(Stored dataset items)
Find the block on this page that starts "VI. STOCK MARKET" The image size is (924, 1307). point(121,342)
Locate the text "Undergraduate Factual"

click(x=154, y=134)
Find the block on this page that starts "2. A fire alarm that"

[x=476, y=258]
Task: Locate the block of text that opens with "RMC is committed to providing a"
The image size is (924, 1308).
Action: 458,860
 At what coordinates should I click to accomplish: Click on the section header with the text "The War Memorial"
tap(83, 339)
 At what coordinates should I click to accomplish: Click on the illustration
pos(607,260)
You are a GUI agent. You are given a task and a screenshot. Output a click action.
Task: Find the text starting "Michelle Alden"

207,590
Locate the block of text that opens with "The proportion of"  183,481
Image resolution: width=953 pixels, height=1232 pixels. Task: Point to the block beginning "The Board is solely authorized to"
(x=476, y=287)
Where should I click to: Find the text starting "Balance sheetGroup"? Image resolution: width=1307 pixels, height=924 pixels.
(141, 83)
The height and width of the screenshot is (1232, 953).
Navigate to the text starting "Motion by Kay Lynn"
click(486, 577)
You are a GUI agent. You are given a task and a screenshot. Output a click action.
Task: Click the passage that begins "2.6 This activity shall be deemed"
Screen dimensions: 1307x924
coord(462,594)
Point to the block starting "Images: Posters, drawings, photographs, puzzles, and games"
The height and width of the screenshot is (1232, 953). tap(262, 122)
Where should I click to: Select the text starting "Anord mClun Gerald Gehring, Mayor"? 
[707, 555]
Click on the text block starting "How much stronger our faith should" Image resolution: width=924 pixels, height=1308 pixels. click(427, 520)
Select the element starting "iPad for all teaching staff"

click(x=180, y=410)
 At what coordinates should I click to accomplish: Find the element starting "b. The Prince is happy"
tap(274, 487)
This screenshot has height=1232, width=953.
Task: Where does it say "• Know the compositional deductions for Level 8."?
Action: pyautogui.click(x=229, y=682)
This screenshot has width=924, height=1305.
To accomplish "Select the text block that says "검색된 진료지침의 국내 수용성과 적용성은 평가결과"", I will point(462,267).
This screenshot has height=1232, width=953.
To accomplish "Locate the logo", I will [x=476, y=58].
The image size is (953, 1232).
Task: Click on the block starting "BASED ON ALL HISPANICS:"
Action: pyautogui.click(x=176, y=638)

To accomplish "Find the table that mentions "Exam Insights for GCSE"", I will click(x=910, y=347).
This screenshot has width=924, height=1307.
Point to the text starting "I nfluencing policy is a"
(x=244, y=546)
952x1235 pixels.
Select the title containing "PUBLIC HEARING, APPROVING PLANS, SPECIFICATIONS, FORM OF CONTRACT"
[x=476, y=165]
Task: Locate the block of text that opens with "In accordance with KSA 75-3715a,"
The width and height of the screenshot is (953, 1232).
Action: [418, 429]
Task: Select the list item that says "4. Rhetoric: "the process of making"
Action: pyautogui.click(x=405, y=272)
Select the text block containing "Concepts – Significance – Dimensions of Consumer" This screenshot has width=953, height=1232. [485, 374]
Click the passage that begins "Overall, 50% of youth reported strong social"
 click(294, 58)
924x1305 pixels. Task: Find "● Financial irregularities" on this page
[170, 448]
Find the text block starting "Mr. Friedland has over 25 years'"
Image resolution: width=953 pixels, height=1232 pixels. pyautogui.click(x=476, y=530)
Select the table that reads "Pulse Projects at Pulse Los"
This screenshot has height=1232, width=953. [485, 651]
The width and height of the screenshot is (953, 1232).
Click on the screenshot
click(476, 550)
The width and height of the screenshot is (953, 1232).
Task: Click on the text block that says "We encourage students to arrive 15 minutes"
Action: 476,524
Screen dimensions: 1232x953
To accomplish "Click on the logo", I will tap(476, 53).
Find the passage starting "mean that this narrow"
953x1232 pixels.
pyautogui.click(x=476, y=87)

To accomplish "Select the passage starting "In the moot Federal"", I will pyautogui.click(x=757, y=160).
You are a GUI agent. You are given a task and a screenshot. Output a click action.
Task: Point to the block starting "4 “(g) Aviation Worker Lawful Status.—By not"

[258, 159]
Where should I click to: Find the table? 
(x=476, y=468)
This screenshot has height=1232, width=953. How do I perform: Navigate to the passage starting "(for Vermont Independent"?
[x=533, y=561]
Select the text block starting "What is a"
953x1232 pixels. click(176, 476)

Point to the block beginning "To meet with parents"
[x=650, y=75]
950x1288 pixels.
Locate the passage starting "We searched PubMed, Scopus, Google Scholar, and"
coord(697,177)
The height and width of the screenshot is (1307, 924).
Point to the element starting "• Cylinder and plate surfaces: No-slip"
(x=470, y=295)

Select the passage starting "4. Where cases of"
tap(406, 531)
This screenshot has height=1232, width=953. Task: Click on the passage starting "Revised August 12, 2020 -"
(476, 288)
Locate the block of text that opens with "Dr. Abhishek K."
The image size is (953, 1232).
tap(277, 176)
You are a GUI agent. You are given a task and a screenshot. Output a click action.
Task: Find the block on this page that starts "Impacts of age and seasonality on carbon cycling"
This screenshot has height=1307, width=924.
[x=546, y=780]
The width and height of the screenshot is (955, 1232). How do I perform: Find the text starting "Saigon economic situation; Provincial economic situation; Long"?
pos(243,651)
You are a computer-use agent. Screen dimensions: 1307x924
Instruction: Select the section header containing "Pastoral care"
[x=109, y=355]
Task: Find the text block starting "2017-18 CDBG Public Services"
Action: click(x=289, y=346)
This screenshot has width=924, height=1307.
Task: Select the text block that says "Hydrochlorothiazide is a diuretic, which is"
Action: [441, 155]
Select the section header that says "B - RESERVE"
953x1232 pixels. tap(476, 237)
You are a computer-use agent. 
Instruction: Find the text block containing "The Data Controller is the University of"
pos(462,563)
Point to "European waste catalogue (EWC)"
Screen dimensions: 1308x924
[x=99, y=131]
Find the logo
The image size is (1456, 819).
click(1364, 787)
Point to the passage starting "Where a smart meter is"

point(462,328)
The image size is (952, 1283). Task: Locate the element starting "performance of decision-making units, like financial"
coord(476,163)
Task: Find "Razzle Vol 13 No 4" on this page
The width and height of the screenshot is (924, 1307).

# WHAT YOU WILL DO:
Retype every entry above, word for word.

# TASK RESULT:
Find the block on this page that starts "VI. STOCK MARKET" The image size is (924, 1307). point(121,342)
Locate the text "Undergraduate Factual"

click(x=154, y=134)
Find the block on this page that starts "2. A fire alarm that"

[x=476, y=258]
Task: Locate the block of text that opens with "RMC is committed to providing a"
The image size is (924, 1308).
Action: 458,860
 At what coordinates should I click to accomplish: Click on the section header with the text "The War Memorial"
tap(83, 339)
 At what coordinates should I click to accomplish: Click on the illustration
pos(607,260)
You are a GUI agent. You are given a task and a screenshot. Output a click action.
Task: Find the text starting "Michelle Alden"

207,590
Locate the block of text that opens with "The proportion of"  183,481
Image resolution: width=953 pixels, height=1232 pixels. Task: Point to the block beginning "The Board is solely authorized to"
(x=476, y=287)
Where should I click to: Find the text starting "Balance sheetGroup"? Image resolution: width=1307 pixels, height=924 pixels.
(141, 83)
The height and width of the screenshot is (1232, 953).
Navigate to the text starting "Motion by Kay Lynn"
click(486, 577)
You are a GUI agent. You are given a task and a screenshot. Output a click action.
Task: Click the passage that begins "2.6 This activity shall be deemed"
Screen dimensions: 1307x924
coord(462,594)
Point to the block starting "Images: Posters, drawings, photographs, puzzles, and games"
The height and width of the screenshot is (1232, 953). tap(262, 122)
Where should I click to: Select the text starting "Anord mClun Gerald Gehring, Mayor"? 
[707, 555]
Click on the text block starting "How much stronger our faith should" Image resolution: width=924 pixels, height=1308 pixels. click(427, 520)
Select the element starting "iPad for all teaching staff"

click(x=180, y=410)
 At what coordinates should I click to accomplish: Find the element starting "b. The Prince is happy"
tap(274, 487)
This screenshot has height=1232, width=953.
Task: Where does it say "• Know the compositional deductions for Level 8."?
Action: pyautogui.click(x=229, y=682)
This screenshot has width=924, height=1305.
To accomplish "Select the text block that says "검색된 진료지침의 국내 수용성과 적용성은 평가결과"", I will point(462,267).
This screenshot has height=1232, width=953.
To accomplish "Locate the logo", I will [x=476, y=58].
The image size is (953, 1232).
Task: Click on the block starting "BASED ON ALL HISPANICS:"
Action: pyautogui.click(x=176, y=638)

To accomplish "Find the table that mentions "Exam Insights for GCSE"", I will click(x=910, y=347).
This screenshot has width=924, height=1307.
Point to the text starting "I nfluencing policy is a"
(x=244, y=546)
952x1235 pixels.
Select the title containing "PUBLIC HEARING, APPROVING PLANS, SPECIFICATIONS, FORM OF CONTRACT"
[x=476, y=165]
Task: Locate the block of text that opens with "In accordance with KSA 75-3715a,"
The width and height of the screenshot is (953, 1232).
Action: [418, 429]
Task: Select the list item that says "4. Rhetoric: "the process of making"
Action: pyautogui.click(x=405, y=272)
Select the text block containing "Concepts – Significance – Dimensions of Consumer" This screenshot has width=953, height=1232. [485, 374]
Click the passage that begins "Overall, 50% of youth reported strong social"
 click(294, 58)
924x1305 pixels. Task: Find "● Financial irregularities" on this page
[170, 448]
Find the text block starting "Mr. Friedland has over 25 years'"
Image resolution: width=953 pixels, height=1232 pixels. pyautogui.click(x=476, y=530)
Select the table that reads "Pulse Projects at Pulse Los"
This screenshot has height=1232, width=953. [485, 651]
The width and height of the screenshot is (953, 1232).
Click on the screenshot
click(476, 550)
The width and height of the screenshot is (953, 1232).
Task: Click on the text block that says "We encourage students to arrive 15 minutes"
Action: 476,524
Screen dimensions: 1232x953
To accomplish "Click on the logo", I will tap(476, 53).
Find the passage starting "mean that this narrow"
953x1232 pixels.
pyautogui.click(x=476, y=87)

To accomplish "Select the passage starting "In the moot Federal"", I will pyautogui.click(x=757, y=160).
You are a GUI agent. You are given a task and a screenshot. Output a click action.
Task: Point to the block starting "4 “(g) Aviation Worker Lawful Status.—By not"

[258, 159]
Where should I click to: Find the table? 
(x=476, y=468)
This screenshot has height=1232, width=953. How do I perform: Navigate to the passage starting "(for Vermont Independent"?
[x=533, y=561]
Select the text block starting "What is a"
953x1232 pixels. click(176, 476)

Point to the block beginning "To meet with parents"
[x=650, y=75]
950x1288 pixels.
Locate the passage starting "We searched PubMed, Scopus, Google Scholar, and"
coord(697,177)
The height and width of the screenshot is (1307, 924).
Point to the element starting "• Cylinder and plate surfaces: No-slip"
(x=470, y=295)

Select the passage starting "4. Where cases of"
tap(406, 531)
This screenshot has height=1232, width=953. Task: Click on the passage starting "Revised August 12, 2020 -"
(476, 288)
Locate the block of text that opens with "Dr. Abhishek K."
The image size is (953, 1232).
tap(277, 176)
You are a GUI agent. You are given a task and a screenshot. Output a click action.
Task: Find the block on this page that starts "Impacts of age and seasonality on carbon cycling"
This screenshot has height=1307, width=924.
[x=546, y=780]
The width and height of the screenshot is (955, 1232). How do I perform: Find the text starting "Saigon economic situation; Provincial economic situation; Long"?
pos(243,651)
You are a computer-use agent. Screen dimensions: 1307x924
Instruction: Select the section header containing "Pastoral care"
[x=109, y=355]
Task: Find the text block starting "2017-18 CDBG Public Services"
Action: click(x=289, y=346)
This screenshot has width=924, height=1307.
Task: Select the text block that says "Hydrochlorothiazide is a diuretic, which is"
Action: [441, 155]
Select the section header that says "B - RESERVE"
953x1232 pixels. tap(476, 237)
You are a computer-use agent. 
Instruction: Find the text block containing "The Data Controller is the University of"
pos(462,563)
Point to "European waste catalogue (EWC)"
Screen dimensions: 1308x924
[x=99, y=131]
Find the logo
The image size is (1456, 819).
click(1364, 787)
Point to the passage starting "Where a smart meter is"

point(462,328)
The image size is (952, 1283). Task: Locate the element starting "performance of decision-making units, like financial"
coord(476,163)
Task: Find "Razzle Vol 13 No 4" on this page
The width and height of the screenshot is (924, 1307).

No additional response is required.